- REQUIREMENT
Needed from the data below: all lines that contain the word "Section".

Records drawn from a dataset

- - -

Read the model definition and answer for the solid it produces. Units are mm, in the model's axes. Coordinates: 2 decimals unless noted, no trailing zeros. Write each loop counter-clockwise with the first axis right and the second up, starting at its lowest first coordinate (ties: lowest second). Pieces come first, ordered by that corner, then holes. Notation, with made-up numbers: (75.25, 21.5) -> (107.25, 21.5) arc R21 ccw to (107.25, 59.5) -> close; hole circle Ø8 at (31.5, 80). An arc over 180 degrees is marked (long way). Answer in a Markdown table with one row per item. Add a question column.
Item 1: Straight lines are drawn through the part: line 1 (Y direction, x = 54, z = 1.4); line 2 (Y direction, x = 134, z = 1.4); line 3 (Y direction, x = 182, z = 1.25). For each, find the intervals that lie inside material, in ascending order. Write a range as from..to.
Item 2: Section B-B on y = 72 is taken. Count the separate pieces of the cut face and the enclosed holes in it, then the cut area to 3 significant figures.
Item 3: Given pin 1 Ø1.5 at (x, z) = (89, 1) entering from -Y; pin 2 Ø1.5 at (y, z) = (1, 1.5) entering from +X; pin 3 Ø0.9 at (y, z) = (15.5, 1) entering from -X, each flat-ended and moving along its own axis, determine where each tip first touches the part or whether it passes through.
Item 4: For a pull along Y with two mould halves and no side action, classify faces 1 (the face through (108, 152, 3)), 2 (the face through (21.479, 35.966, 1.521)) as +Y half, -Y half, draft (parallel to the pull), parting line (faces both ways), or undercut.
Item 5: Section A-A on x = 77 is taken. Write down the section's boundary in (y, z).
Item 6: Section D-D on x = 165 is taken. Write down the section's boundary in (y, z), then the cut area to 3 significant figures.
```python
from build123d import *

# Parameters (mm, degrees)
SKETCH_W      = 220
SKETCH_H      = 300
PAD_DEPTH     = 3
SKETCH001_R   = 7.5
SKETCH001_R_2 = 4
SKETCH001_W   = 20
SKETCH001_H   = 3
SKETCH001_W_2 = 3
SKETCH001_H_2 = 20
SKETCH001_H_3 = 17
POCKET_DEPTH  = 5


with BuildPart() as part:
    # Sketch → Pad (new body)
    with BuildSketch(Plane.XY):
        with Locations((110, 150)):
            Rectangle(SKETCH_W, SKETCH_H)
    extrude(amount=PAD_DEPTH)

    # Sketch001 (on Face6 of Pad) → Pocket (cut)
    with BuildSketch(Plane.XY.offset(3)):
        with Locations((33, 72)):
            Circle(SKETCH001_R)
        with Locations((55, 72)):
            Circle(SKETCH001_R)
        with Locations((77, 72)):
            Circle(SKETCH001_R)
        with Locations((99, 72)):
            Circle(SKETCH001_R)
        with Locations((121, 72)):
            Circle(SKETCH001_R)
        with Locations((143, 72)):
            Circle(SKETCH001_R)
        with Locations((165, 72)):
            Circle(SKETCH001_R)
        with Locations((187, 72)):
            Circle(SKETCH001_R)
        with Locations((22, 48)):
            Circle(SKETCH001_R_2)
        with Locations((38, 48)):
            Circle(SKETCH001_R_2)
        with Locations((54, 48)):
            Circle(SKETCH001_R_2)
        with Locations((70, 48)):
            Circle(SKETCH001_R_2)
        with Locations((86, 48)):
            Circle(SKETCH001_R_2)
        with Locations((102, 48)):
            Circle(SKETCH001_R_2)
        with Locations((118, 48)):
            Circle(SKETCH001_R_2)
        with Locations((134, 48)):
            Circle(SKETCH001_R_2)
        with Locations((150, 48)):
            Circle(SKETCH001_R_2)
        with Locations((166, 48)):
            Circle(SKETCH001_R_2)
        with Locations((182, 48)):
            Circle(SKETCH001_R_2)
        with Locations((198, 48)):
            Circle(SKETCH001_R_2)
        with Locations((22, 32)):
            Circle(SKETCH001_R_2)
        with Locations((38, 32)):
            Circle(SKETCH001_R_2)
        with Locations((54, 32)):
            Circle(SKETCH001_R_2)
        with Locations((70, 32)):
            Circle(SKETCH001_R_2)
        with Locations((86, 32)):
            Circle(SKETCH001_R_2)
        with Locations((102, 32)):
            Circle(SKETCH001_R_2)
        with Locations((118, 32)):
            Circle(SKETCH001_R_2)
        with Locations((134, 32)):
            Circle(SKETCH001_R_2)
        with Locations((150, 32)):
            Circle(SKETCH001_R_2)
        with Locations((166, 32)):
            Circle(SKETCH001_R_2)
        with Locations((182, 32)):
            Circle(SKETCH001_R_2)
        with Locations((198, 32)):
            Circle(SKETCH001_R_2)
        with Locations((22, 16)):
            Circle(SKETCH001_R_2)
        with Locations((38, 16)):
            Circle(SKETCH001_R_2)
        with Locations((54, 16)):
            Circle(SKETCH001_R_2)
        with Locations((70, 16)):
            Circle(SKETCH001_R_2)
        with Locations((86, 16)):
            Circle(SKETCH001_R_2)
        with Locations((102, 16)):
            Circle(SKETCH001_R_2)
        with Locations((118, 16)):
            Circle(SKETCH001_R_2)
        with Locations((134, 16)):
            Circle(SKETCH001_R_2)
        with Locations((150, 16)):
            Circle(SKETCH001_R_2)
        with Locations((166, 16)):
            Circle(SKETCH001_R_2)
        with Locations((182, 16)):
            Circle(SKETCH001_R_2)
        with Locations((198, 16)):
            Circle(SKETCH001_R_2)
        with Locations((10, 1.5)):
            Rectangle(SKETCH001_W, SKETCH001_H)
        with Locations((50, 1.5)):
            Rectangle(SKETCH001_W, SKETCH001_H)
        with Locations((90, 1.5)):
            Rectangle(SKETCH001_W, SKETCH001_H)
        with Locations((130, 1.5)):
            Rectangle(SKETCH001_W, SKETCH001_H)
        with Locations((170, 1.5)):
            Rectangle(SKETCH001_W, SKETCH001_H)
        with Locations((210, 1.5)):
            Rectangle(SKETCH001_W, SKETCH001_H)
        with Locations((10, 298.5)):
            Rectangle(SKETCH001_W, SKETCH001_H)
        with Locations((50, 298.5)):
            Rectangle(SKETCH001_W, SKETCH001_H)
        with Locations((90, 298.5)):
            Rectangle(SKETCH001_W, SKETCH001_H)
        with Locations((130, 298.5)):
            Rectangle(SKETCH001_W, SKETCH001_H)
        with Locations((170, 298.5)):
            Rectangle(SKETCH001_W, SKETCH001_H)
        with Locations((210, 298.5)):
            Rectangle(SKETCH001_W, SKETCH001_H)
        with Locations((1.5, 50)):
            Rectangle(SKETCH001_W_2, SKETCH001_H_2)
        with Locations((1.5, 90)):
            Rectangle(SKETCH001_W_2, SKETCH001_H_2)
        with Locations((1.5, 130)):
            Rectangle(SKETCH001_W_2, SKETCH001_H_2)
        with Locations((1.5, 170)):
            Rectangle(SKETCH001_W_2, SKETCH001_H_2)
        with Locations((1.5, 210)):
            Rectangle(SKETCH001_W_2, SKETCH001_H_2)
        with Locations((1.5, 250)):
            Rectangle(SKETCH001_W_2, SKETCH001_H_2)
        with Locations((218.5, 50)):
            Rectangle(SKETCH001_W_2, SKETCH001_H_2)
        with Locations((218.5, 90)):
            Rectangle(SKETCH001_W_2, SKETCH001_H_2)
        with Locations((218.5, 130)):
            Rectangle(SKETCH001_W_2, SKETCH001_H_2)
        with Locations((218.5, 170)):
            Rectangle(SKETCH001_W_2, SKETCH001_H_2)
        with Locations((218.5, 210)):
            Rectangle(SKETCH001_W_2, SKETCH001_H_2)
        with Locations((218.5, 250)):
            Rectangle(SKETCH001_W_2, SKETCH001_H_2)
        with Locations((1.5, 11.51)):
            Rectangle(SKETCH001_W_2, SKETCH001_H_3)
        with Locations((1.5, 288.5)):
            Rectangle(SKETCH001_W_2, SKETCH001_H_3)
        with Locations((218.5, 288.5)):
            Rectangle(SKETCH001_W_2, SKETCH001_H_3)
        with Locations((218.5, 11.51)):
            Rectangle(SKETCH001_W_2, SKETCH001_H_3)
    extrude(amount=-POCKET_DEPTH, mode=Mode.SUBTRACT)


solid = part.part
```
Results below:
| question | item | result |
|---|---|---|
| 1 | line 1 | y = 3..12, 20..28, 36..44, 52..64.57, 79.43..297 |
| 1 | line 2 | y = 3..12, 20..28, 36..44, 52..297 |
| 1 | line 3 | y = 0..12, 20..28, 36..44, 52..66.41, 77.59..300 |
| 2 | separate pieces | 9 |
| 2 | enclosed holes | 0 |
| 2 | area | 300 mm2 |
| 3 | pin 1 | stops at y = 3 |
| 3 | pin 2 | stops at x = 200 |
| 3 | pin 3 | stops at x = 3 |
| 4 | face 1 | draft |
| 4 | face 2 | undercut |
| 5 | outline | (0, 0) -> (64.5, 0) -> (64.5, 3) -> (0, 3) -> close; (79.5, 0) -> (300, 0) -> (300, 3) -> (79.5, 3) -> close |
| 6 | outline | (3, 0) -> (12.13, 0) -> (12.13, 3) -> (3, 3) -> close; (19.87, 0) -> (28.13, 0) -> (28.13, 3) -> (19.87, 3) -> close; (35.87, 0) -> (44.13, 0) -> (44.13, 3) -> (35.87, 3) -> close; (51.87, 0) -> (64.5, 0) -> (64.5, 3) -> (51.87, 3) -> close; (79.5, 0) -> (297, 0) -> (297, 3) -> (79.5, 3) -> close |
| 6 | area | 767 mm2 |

- - -

- RESPONSE
Item 2: Section B-B on y = 72 is taken. Count the separate pieces of the cut face and the enclosed holes in it, then the cut area to 3 significant figures.
Item 5: Section A-A on x = 77 is taken. Write down the section's boundary in (y, z).
Item 6: Section D-D on x = 165 is taken. Write down the section's boundary in (y, z), then the cut area to 3 significant figures.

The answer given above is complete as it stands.